4)      Pasal 52 (2) Surat izin sebagaimana dimaksud pada ayat (1) dapat berupa :
a.       SIPA bagi Apoteker yang melakukan Pekerjaan Kefarmasian di Apotek....
b.  SIPA bagi Apoteker yang melakukan Pekerjaan Kefarmasian sebagai Apoteker pendamping.
5)      Pasal 55 (1) : Untuk mendapatkan surat izin sebagaimana dimaksud dalam Pasal 52, Tenaga Kefarmasian (Apoteker) harus memiliki :
a.       STRA,......yang masih berlaku
b.      Tempat atau ada tempat :
-          untuk melakukan Pekerjaan kefarmasian, atau
-          fasilitas kefarmasian atau
-          fasilitas kesehatan yang memiliki izin.
c.       rekomendasi dari Organisasi Profesi setempat

Pasal I.5  Pasal 6 : Pelaksanaan Peraturan Pemerintah ini dan hal-hal teknis lainnya yang belum diatur dalam Peraturan Pemerintah ini diatur lebih lanjut oleh Menteri Kesehatan.

Adalah telah dicabut dinyatakan dicabut dan selanjutnya diamanatkan oleh PP51/2009 berupa :
1)      Pasal 21 (4) : Ketentuan lebih lanjut mengenai standar pelayanan kefarmasian sebagaimana dimaksud pada ayat (1) menurut jenis Fasilitas Pelayanan Kefarmasian ditetapkan oleh Menteri.
2)      Pasal 29 : Ketentuan lebih lanjut mengenai pelaksanaan Pekerjaan Kefarmasian pada Fasilitas Pelayanan Kefarmasian sebagaimana dimaksud  dalam Pasal 27 [Pekerjaan Kefarmasian yang berkaitan dengan pelayanan farmasi pada fasilitas Pelayanan Kefarmasian wajib dicatat oleh Tenaga Kefarmasian sesuai tugas dan fungsinya] diatur dengan Peraturan Menteri.

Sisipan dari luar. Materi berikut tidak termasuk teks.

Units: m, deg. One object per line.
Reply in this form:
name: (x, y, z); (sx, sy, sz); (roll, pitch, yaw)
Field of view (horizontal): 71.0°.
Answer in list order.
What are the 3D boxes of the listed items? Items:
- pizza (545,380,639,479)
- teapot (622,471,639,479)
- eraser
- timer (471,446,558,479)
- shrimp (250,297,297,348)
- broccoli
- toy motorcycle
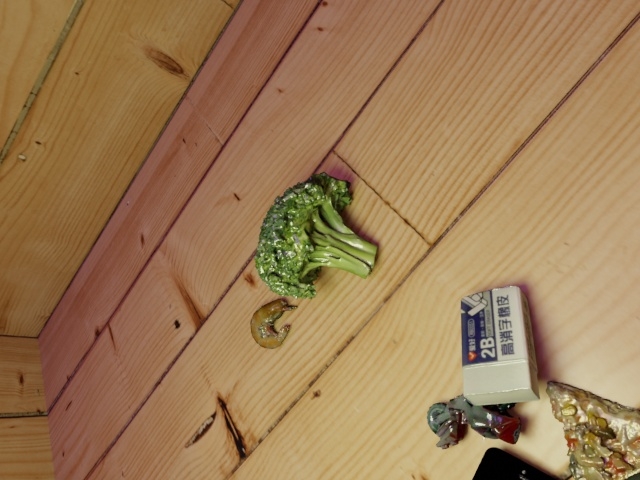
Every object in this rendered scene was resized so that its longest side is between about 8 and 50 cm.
pizza: (0.466, 0.315, 0.764); (0.185, 0.052, 0.195); (-52, 49, 12)
teapot: (0.507, 0.463, 0.612); (0.183, 0.183, 0.251); (-1, 88, 41)
eraser: (0.335, 0.198, 0.853); (0.124, 0.068, 0.210); (-19, 41, 32)
timer: (0.352, 0.465, 0.769); (0.187, 0.055, 0.144); (21, 52, 35)
shrimp: (-0.136, 0.245, 1.325); (0.187, 0.051, 0.132); (-43, 71, 30)
broccoli: (-0.019, 0.001, 1.191); (0.249, 0.302, 0.375); (-33, 26, 54)
toy motorcycle: (0.304, 0.352, 0.876); (0.213, 0.082, 0.122); (-42, 42, 34)
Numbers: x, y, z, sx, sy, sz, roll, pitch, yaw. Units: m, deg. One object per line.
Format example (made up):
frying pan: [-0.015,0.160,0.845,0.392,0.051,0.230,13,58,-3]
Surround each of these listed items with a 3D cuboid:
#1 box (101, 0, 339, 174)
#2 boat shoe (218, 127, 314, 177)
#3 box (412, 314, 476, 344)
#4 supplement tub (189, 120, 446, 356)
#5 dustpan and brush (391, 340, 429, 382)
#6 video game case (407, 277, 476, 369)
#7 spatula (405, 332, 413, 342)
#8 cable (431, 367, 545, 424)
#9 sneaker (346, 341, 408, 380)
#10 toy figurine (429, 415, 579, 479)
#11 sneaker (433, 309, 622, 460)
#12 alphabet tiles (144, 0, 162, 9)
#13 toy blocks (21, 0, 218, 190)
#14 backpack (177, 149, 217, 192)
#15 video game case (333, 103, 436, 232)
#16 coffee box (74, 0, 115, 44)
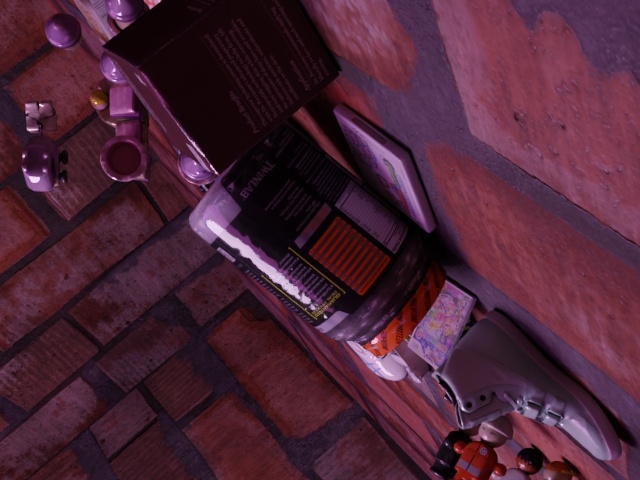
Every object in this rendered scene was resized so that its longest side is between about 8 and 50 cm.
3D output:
box: [-0.123,-0.221,1.159,0.168,0.203,0.167,56,169,-32]
boat shoe: [-0.157,-0.165,1.571,0.342,0.123,0.123,31,155,26]
box: [0.195,0.141,1.459,0.052,0.083,0.062,37,164,53]
supplement tub: [0.000,0.000,1.340,0.338,0.207,0.207,40,172,-7]
dustpan and brush: [0.188,0.256,1.995,0.147,0.060,0.211,52,170,-15]
video game case: [0.178,0.122,1.394,0.011,0.122,0.087,13,-166,-35]
spatula: [0.159,0.164,1.752,0.168,0.019,0.242,40,-176,34]
cable: [0.288,0.268,1.560,0.139,0.072,0.287,48,172,-26]
sneaker: [0.110,0.233,2.182,0.237,0.085,0.086,46,180,18]
toy figurine: [0.318,0.394,1.648,0.209,0.148,0.213,32,171,-3]
sneaker: [0.270,0.232,1.270,0.256,0.151,0.094,44,167,22]
alphabet tiles: [-0.237,-0.305,1.634,0.284,0.021,0.278,33,153,17]
toy blocks: [-0.293,-0.218,1.353,0.260,0.308,0.289,172,98,-86]
backpack: [-0.237,-0.173,2.107,0.158,0.117,0.173,39,166,49]
video game case: [0.086,-0.094,1.246,0.143,0.019,0.157,42,168,39]
coffee box: [-0.416,-0.470,1.840,0.141,0.098,0.246,42,168,35]
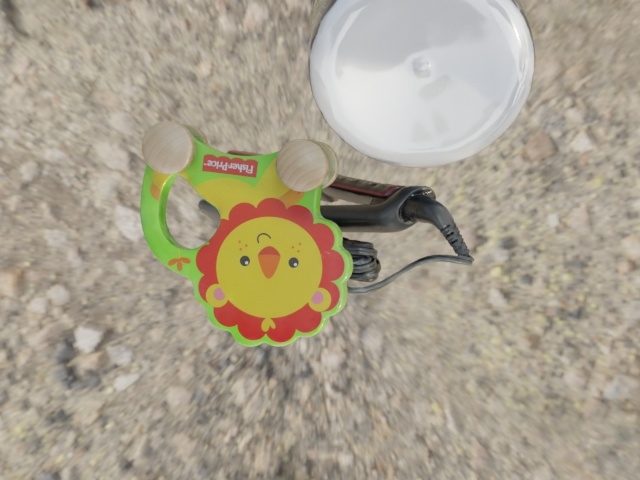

2.    Runutan Permenkes yang mengikutinya
Peraturan-peraturan Menteri Kesehatan sebagai konsekuensi perintah PP25 Tahun 1980 terutama Pasal I.3.b dan Pasal I.4 ayat (2) melahirkan Permenkes 922/MENKES/PER/X/1992 yang selanjutnya dirubah/disesuaikan menjadi Kepmenkes 1332/MENKES/SK/V/2002 tentang Ketentuan dan Tatacara Perizinan Apotek.
Karena Permenkes 922/MENKES/PER/X/1992 yang selanjutnya dirubah/disesuaikan menjadi Kepmenkes 1332/MENKES/SK/V/2002 tentang Ketentuan dan Tatacara Perizinan Apotek (yang melahirkan SIA) adalah merupakan perintah dan menjadi bagian dari Pasal I.3.b dan Pasal I.4 ayat (2) yang merupakan substansi administratif dari PP25/1980 sudah dicabut dan dinyatakan tidak berlaku oleh Pasal 63 PP51/2009 tentang Pekerjaan Kefarmasian; maka Permenkes 922/MENKES/PER/X/1992 yang selanjutnya dirubah/disesuaikan menjadi Kepmenkes 1332/MENKES/SK/V/2002 tentang Ketentuan dan Tatacara Perizinan Apotek (yang melahirkan SIA) juga telah dicabut dan dinyatakan tidak berlaku.

B.      BAGAIMANA PERIZINAN SEHARUSNYA ?
Dengan telah diterbitkannya Permenkes 889/MENKES/PER/V/2011 tentang Registrasi, Izin Praktik dan izin Kerja Tenaga Kefarmasian maka :
1. Perizinan Apotek (SIA) sudah tidak memiliki landasan hukum yang dapat dipertanggungjawabkan
2.  Perizinan Praktik Apoteker (SIPA) merupakan perintah peraturan perundangan yang berlaku.